The problem I am having happens even with minimal network traffic.
And, on my live systems, has 100% SI on 16 cores - the interrupts are
already properly distributed across the cores.


On 14 September 2010 02:01, 楷子狐 <higkoo@xxxxxxx> wrote:
> I'm sorry , my english is pool.
>
>
> I want to talk to you all , but I'm so said.
>
>
> The problem which lvs cost 100% cpu on si% , the solution I know is :
>   use multi network card , and make them bond instead .
>
>
> Because, the linux kernel is not support banlance si% to multi cpu core , so 
> the problem come up.
>
>
> see this :
>
>
>
>     ${linux-2.6.34}/Documentation/networking/cxgb.txt
>
>
> These  issues have been identified during testing. The following information  
> is provided as a workaround to the problem.

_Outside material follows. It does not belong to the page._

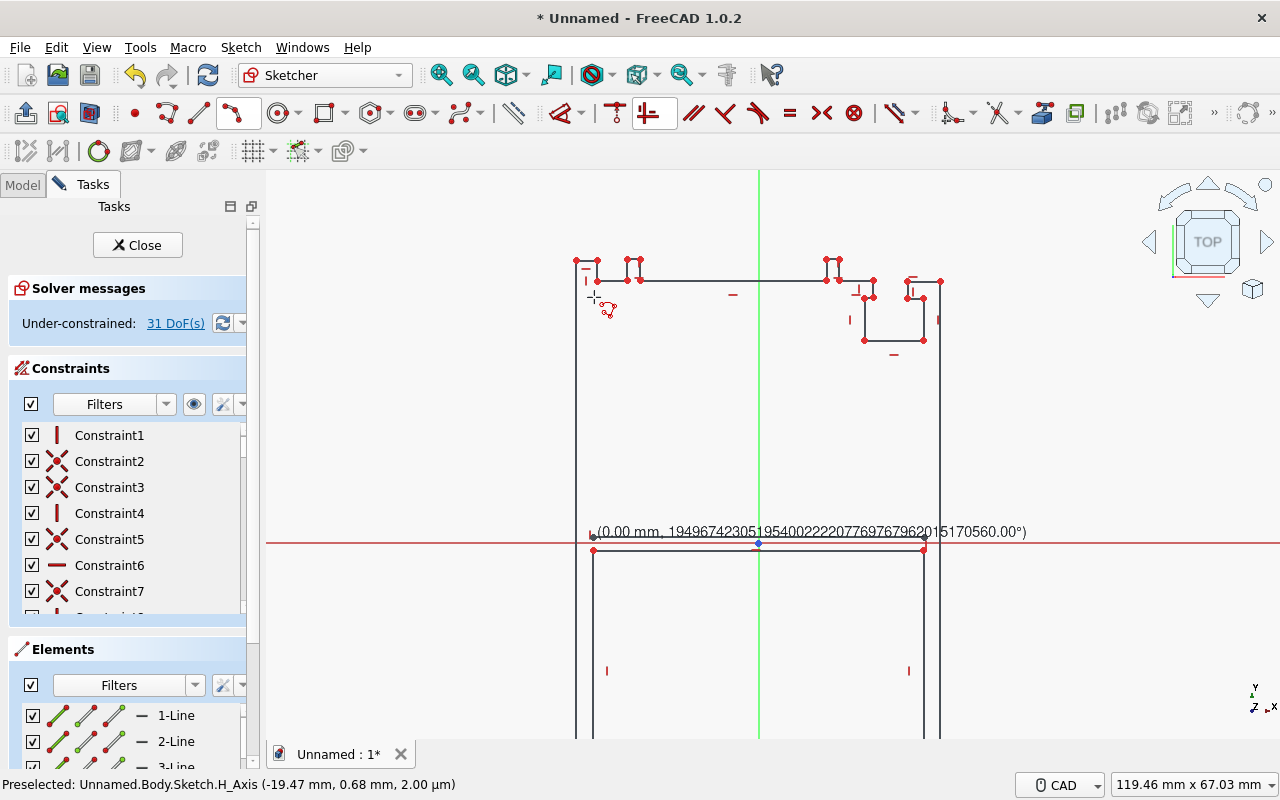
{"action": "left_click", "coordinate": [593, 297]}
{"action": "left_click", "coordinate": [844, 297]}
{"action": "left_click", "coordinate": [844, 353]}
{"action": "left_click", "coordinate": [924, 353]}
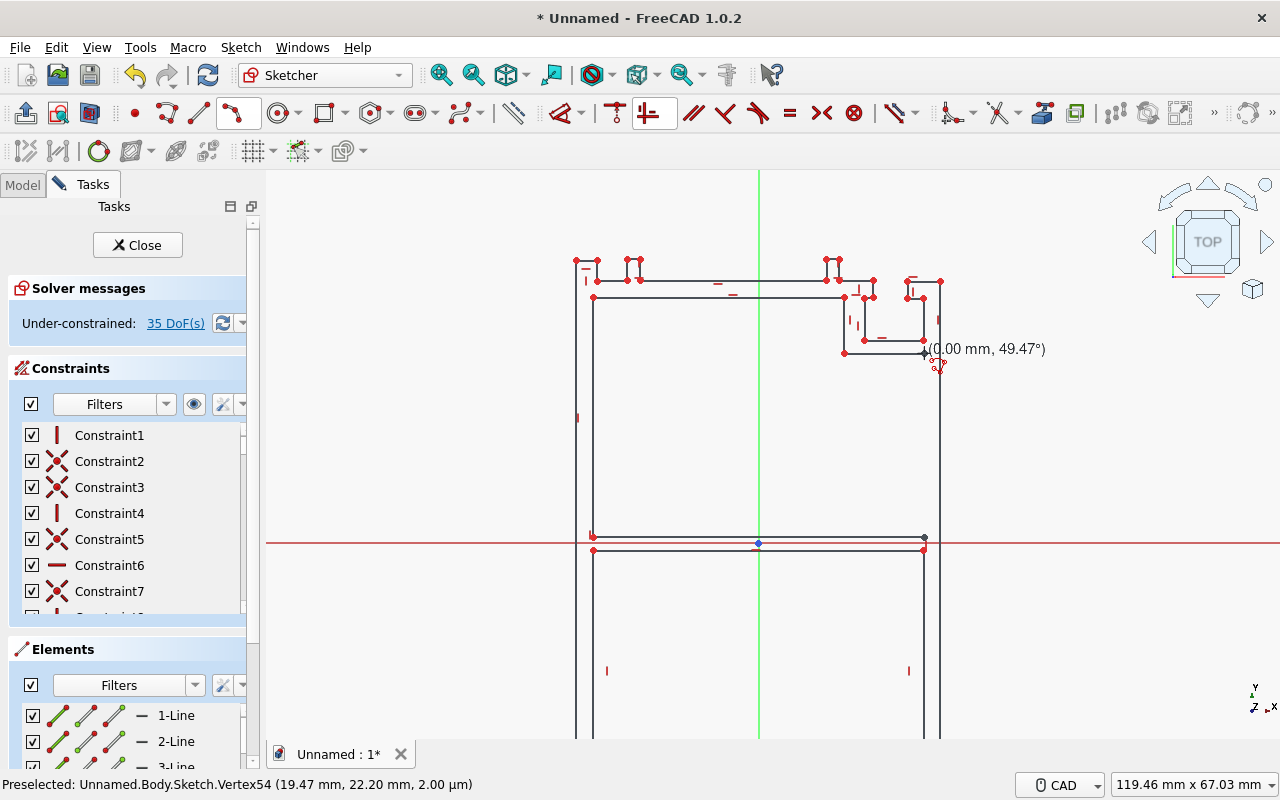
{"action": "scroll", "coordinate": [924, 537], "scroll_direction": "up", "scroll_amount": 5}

In some cases, this problem  is 
> inherent to Linux or to a particular Linux Distribution and/or  hardware 
> platform.
>
>
>
> 1. Large number of TCP retransmits on a multiprocessor (SMP) system.
>
>
>
>       On  a system with multiple CPUs, the interrupt (IRQ) for the network  
> controller may be bound to more than one CPU. This will cause TCP  
> retransmits if the packet data were to be split across different CPUs  and 
> re-assembled in a different order than expected.
>
>
>
>        To eliminate the TCP retransmits, set smp_affinity on the  particular  
>      interrupt to a single CPU. You can locate the interrupt  (IRQ) used on   
>     the N110/N210 by using ifconfig:           ifconfig  <dev_name> | grep 
> Interrupt       Set the smp_affinity to a  single CPU:
>
>           echo 1 > /proc/irq/<interrupt_number>/smp_affinity
>
>
>
>      It  is highly suggested that you do not run the irqbalance daemon on 
> your  system, as this will change any smp_affinity setting you have applied.  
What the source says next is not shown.